There is a wealth of research that has investigated queer parenthood and family creation (see Berkowitz, 2009; Goldberg, 2010). Recent literature has explored ‘families of choice’, focusing on elective ties that refashion understandings of kinship (Weeks et al., 1999; Weston, 1997). The practicalities and wherewithal of journeys into queer parenting have been interrogated (Tasker and Bigner, 2007), exploring the ways power and parenthood intersect (Gamson, 2015), through stories of fostering and adoption (Goldberg, 2012; Hicks, 2011) and donor conception (Nordqvist and Smart, 2014), for example. Focusing attention on the impact of heterosexist norms, legislation and familial ideologies, research has shown how queer parenting is discursively conceptualized (Riggs, 2007; Thompson, 2002). Across these accounts, to a lesser or greater extent, differences and inequalities which shape parental ‘choice’ have been examined, to shine a light on the changing nature of family in contemporary societies (Gamson, 2015). For example, centralizing race in accounts of lesbian motherhood demonstrates how differences cut through this sexuality-defined cohort (Moore, 2011); similarly with class and education (Taylor, 2009). Stories of different relationship and family forms have shown how everyday acts and strategies of resistance may combine to queer lesbian motherhood (Park, 2013).
This article is indebted to and grounded in this rich body of knowledge, but it does not aim to review literature (for an overview 1970–2000, see Clarke, 2005). Like some of the authors cited above (Gamson, 2015; Riggs, 2007; Weston, 1998), the substantive argument advanced draws on a range of sources, including interview data from original empirical studies 1 and autoethnographic ‘moments’ (Gabb and Fink, 2015b). I use autoethnography to re-situate emotions at the conceptual, methodological and analytical heart of relationship studies. Affect is a core part of political grammar; it is ‘key to reading the relationship between the epistemological and the ontological’ (Hemmings, 2011: 25). In my analysis, therefore, I focus on the emotionality of experiences because, through this, the patterning of relationships emerges, bringing to light how we relate to and engage with others and the social world around us (Burkitt, 2014: 8). My experience as a lesbian mother situates me in the psycho-social field of enquiry. Personal extracts that are included here derive from research field notes produced over the past 20 years, and recollection that is enriched through contemporary conversations and shared storytelling with family and friends. These personal moments have served to trigger moments of reflection on and critical re-engagement with empirical data generated over this time period. When participant extracts are presented, the research origin of these data is provided in endnotes; this temporal location of data aims to open up generational readings of same-sex parenthood. Where further demographic information helps to advance the analytical point, this is included in the body of the text.

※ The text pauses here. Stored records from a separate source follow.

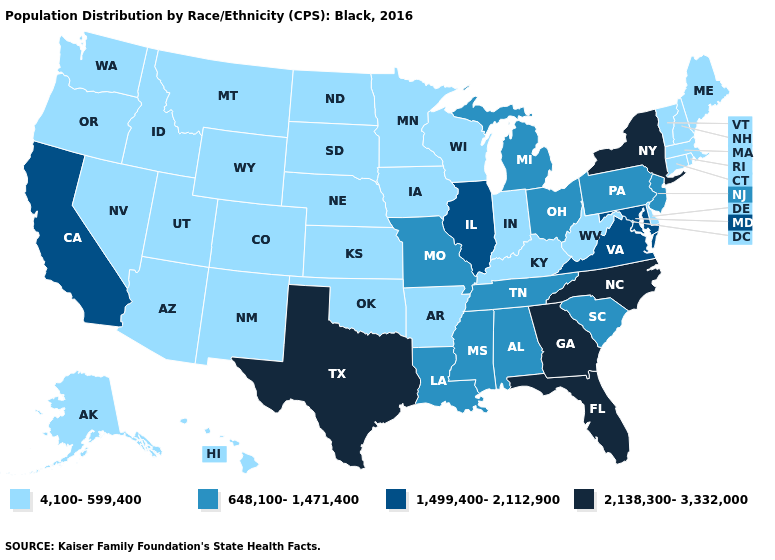What is the highest value in the USA?
Short answer required. 2,138,300-3,332,000. How many symbols are there in the legend?
Answer briefly. 4. What is the value of Kansas?
Quick response, please. 4,100-599,400. Does New York have the highest value in the Northeast?
Write a very short answer. Yes. Among the states that border Texas , which have the highest value?
Write a very short answer. Louisiana. What is the value of Kansas?
Quick response, please. 4,100-599,400. Does Pennsylvania have the lowest value in the Northeast?
Short answer required. No. Name the states that have a value in the range 1,499,400-2,112,900?
Answer briefly. California, Illinois, Maryland, Virginia. What is the highest value in states that border Iowa?
Concise answer only. 1,499,400-2,112,900. What is the value of Rhode Island?
Short answer required. 4,100-599,400. What is the highest value in the USA?
Answer briefly. 2,138,300-3,332,000. How many symbols are there in the legend?
Quick response, please. 4. What is the lowest value in the South?
Keep it brief. 4,100-599,400. Does California have the lowest value in the West?
Write a very short answer. No. 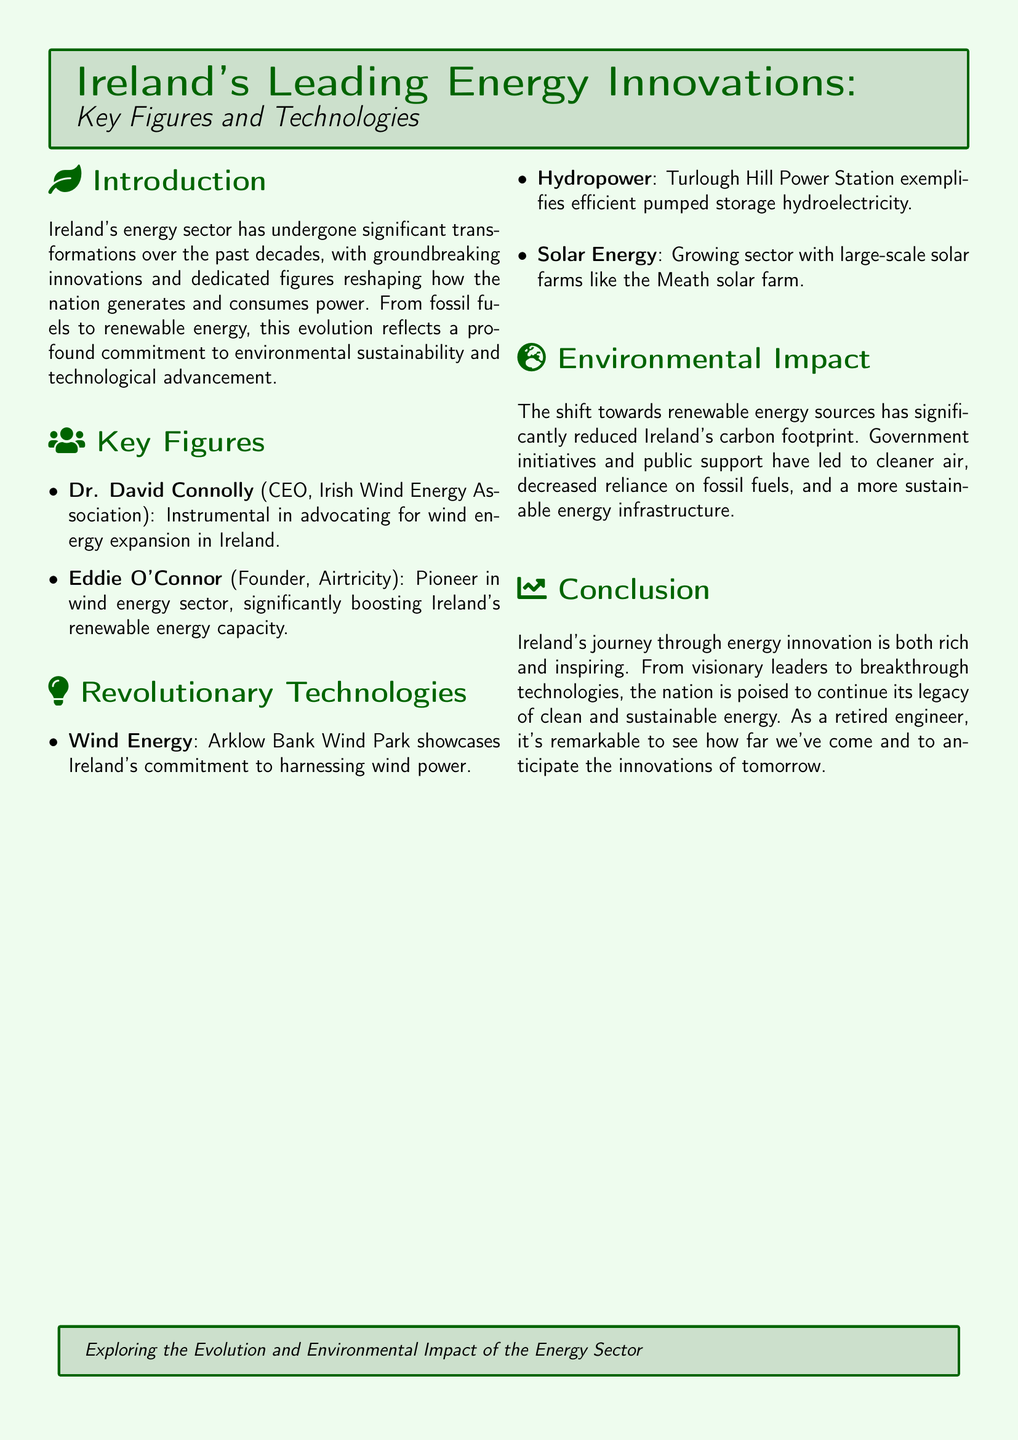What is the role of Dr. David Connolly? Dr. David Connolly is the CEO of the Irish Wind Energy Association and is instrumental in advocating for wind energy expansion in Ireland.
Answer: CEO, Irish Wind Energy Association What technology is showcased by Arklow Bank Wind Park? Arklow Bank Wind Park demonstrates Ireland's commitment to harnessing wind power.
Answer: Wind Energy Which power station exemplifies efficient pumped storage hydroelectricity? The Turlough Hill Power Station is cited as an example of efficient pumped storage hydroelectricity.
Answer: Turlough Hill Power Station What renewable energy sector is growing with large-scale solar farms? The document mentions that solar energy is a growing sector in Ireland.
Answer: Solar Energy Who is the founder of Airtricity? Eddie O'Connor is the founder of Airtricity and a pioneer in the wind energy sector.
Answer: Eddie O'Connor What has the shift towards renewable energy sources significantly reduced in Ireland? The transition to renewable energy has significantly reduced Ireland's carbon footprint.
Answer: Carbon footprint What type of document is this? This document serves as a Playbill, focusing on energy innovations in Ireland.
Answer: Playbill What does the conclusion suggest about Ireland's future in energy? The conclusion indicates that Ireland is poised to continue its legacy of clean and sustainable energy.
Answer: Clean and sustainable energy

Writing lesbian motherhood: My own and others’ lives
This article, then, aims to provoke reflection from the situated vantage point of lives lived – my own and others. Sociological perspectives on intimacy and relational life are illuminating and varied (see Gabb, 2008), but I agree with queer cultural theorist Lauren Berlant who suggests that it is a timely point to rethink intimacy and how we come to know intimate lives (Berlant, 1998). My decision to combine life writing and empirical investigation keeps experience attached to the visceral – heartfelt – embodiments of those represented. As Berlant says, life writing can be ‘a primary laboratory for theorizing “the event” … [intimate publics] are laboratories for imagining and cobbling together alternative construals about how life has appeared and how legitimately it could be better shaped not merely in small modifications of normativity’ (Berlant and Prosser, 2011: 181–182). These intimate public laboratories are dynamic and diversely populated; they facilitate polyvocal storytelling (Plummer, 2003) that resists the analytical compulsion to advance a unitary narrative.

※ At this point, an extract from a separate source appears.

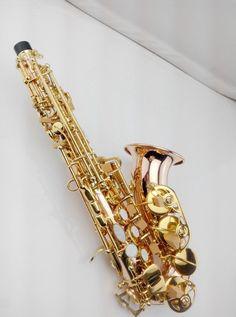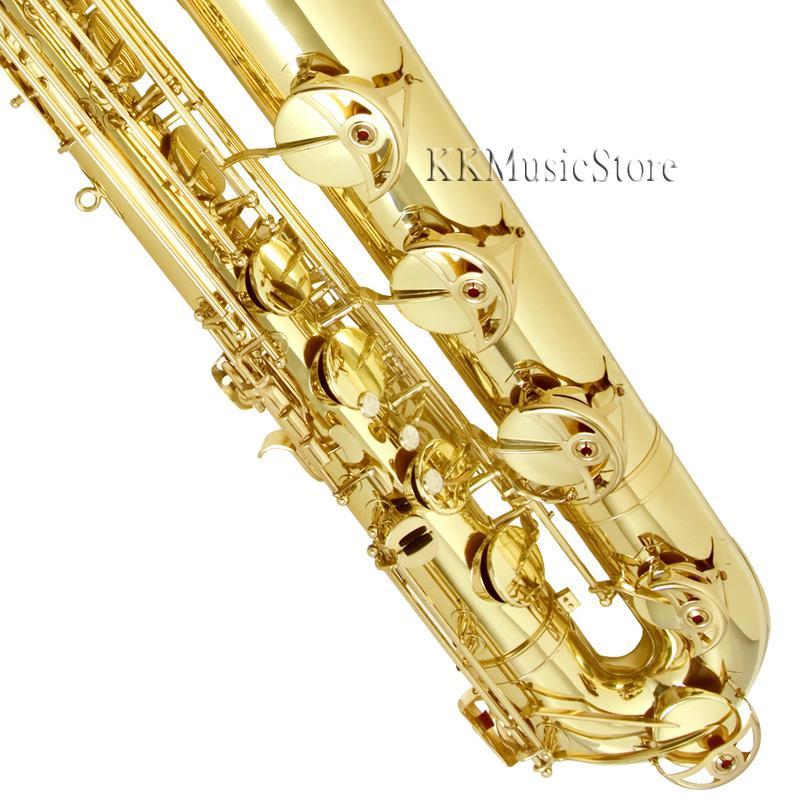The first image is the image on the left, the second image is the image on the right. Examine the images to the left and right. Is the description "A tag is connected to the sax in the image on the right." accurate? Answer yes or no. No. The first image is the image on the left, the second image is the image on the right. Considering the images on both sides, is "One of the images shows a saxophone and a pamphlet while the other shows only a saxophone." valid? Answer yes or no. No.

This resonates with the feminist thinking of Laurel Richardson who suggests that bringing together different modes of expressions can be both creative and advance insight. In stitching together this multi-layered textual tapestry, method becomes inquiry: ‘a way of “knowing” – a method of discovery and analysis. By writing in different ways, we discover new aspects of our topic and our relationship to it’ (Richardson, 2000: 923). This invites us to think not just about what we write, but how we write and where we write from. Our authorial position remains on the page and writing through this situated position places us in dynamic relation to the others whose stories we recount; a creative analytic practice (CAP) which simultaneously evokes, represents and deconstructs meaning (Richardson and St Pierre, 2005: 974). My use of everyday moments in lesbian motherhood – both my own and others – is crafted in this vein. It focuses the analytical lens in this way because everyday moments are where people feel the immediacy of their intimate connections, and it in these emotional scenarios where micro and macro networks of relations intersect and overlap (Burkitt, 2014: 20).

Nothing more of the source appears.